# Wild Rice Soup



## FraidKnot (Sep 28, 2006)

While on the road with my SO, John, who is a freelance artist, we found ourselves in Minnesota for an art show.  It's not the first time we've been there, mind you, but we ate at a place that served a great wild rice soup which we had a starter.  I've made this before but I cheated and used Uncle Ben's mix.  This is *real* wild rice soup:

Wild Rice Soup

1/4 c. butter
1/4 c. raw wild rice
1/2 c. slivered almonds
1/2 c. diced onions
1/2 c. diced celery
1/2 c. grated carrots
4-1/2 c. chicken or vegetable stock
1/2 tsp. pepper
1 tsp. salt
1 Tbs. chopped fresh parsley
3-4 tsp. cornstarch
2 c. whipping cream

In a deep saucepan, cook the wild rice and almonds in butter for a minute, then add the onion, celery and carrots and saute for 2-3 minutes or until the onion is translucent. Add the stock. Season with salt & pepper.  Cover and simmer the soup for 1-1/2 hours. Make a slurry with the cornstarch and 1 cup of the whipping cream and gradually stir this into the hot soup to thicken. Stir in the remaining cream and heat through. Top with chopped fresh parsley and serve.

Fraidy


----------



## candelbc (Sep 28, 2006)

I LOVE Wild Rice Soup.. Just can't go wrong.. Thanks for posting the recipe. 

-Brad


----------



## Alix (Mar 21, 2009)

Hey, I've never had this, it sounds really good.
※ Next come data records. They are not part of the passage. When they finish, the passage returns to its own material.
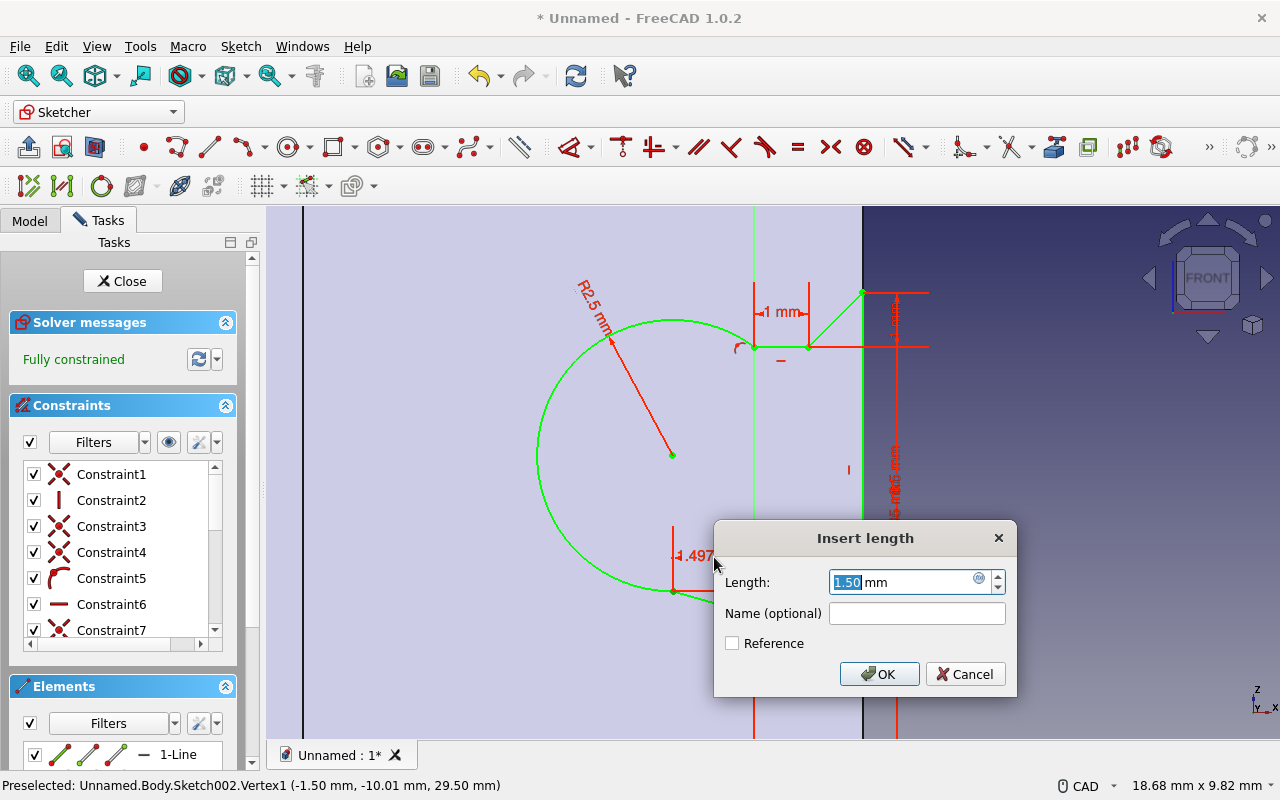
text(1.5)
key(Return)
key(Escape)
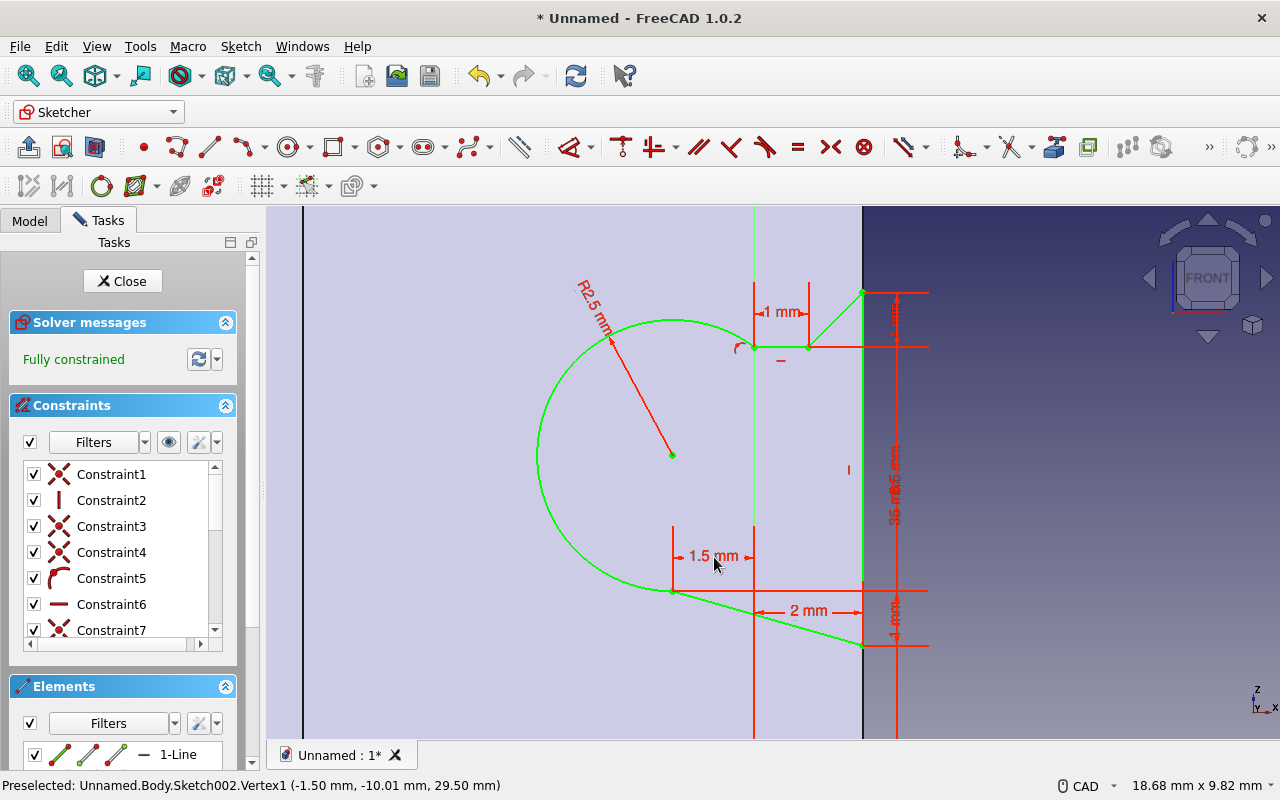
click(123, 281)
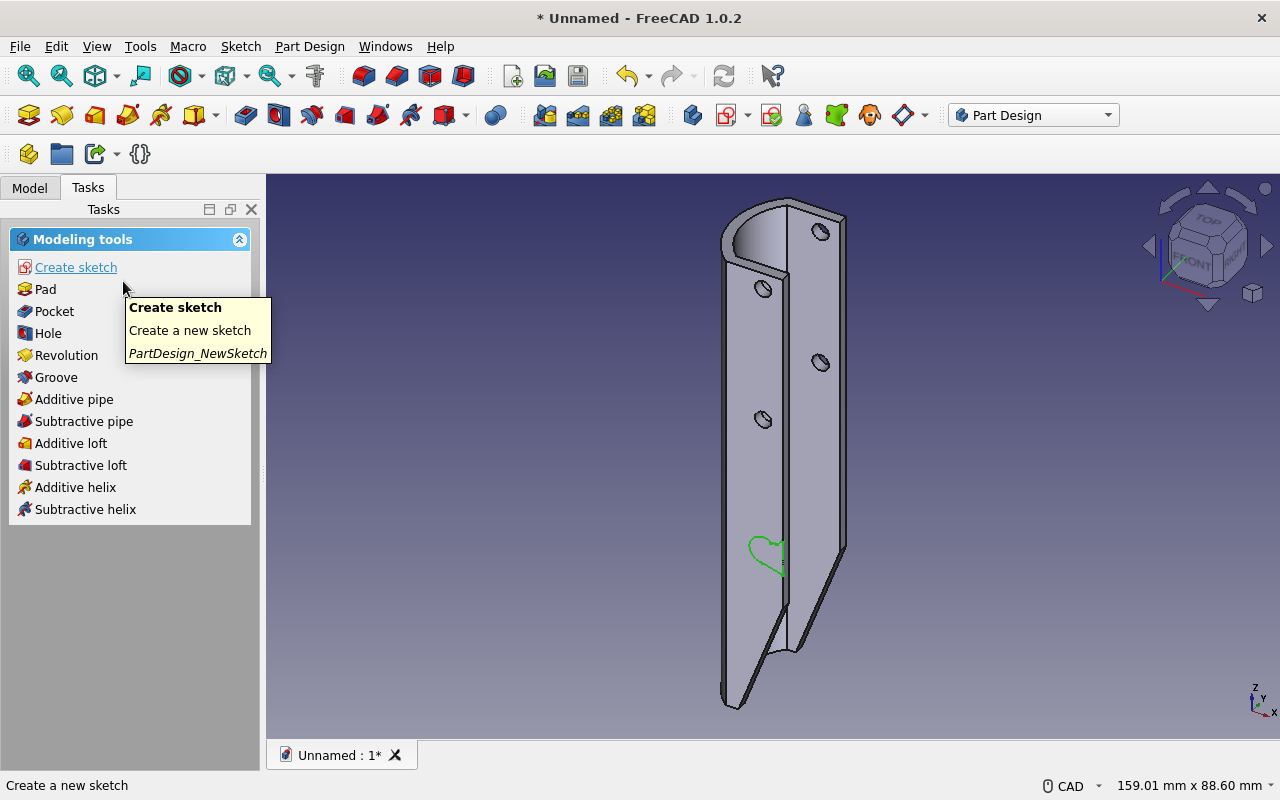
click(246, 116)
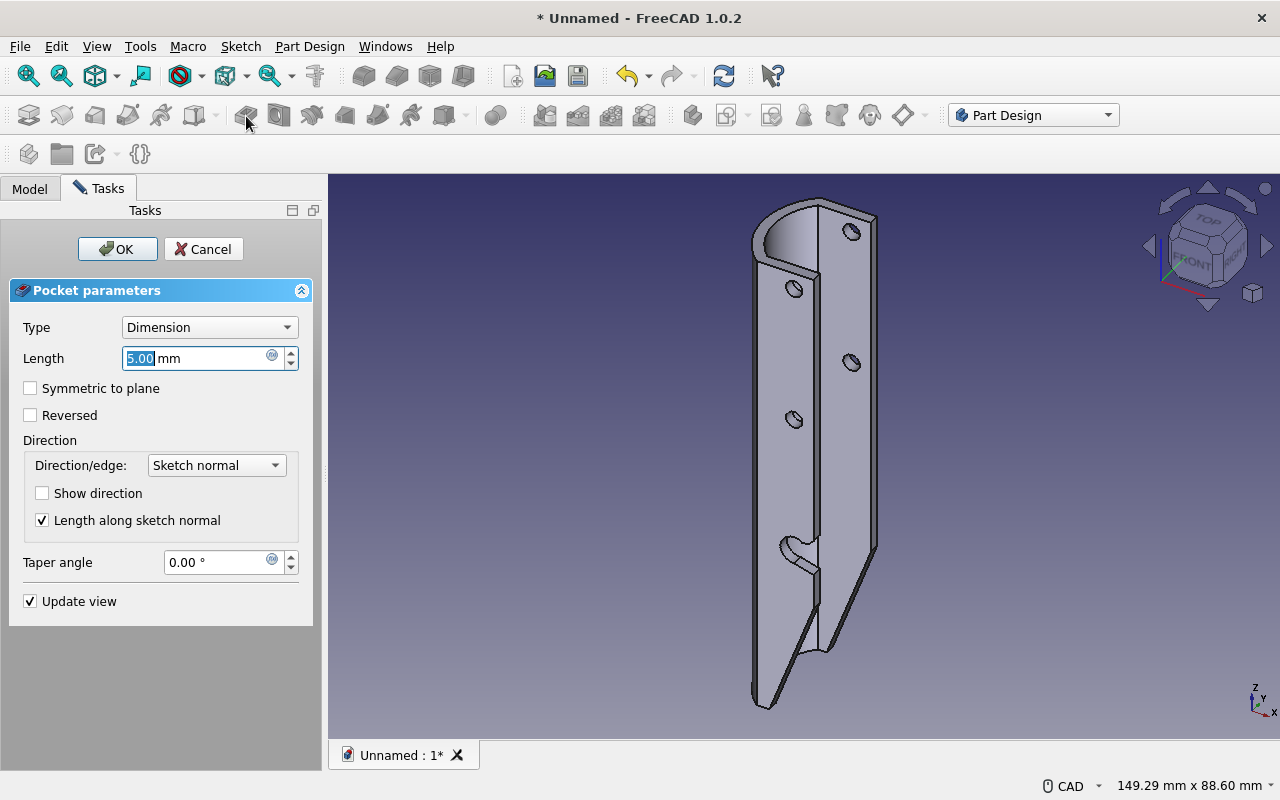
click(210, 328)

Anyone here try it?


----------



## Wyogal (Mar 21, 2009)

I usually cook my wild rice separately, strain the black water off, then add it to a cream of chicken soup (kind of like what you have).


----------



## Katie H (Mar 21, 2009)

I have at least a half dozen recipes for wild rice soup...all delicious and all different.  I love wild rice soup.


----------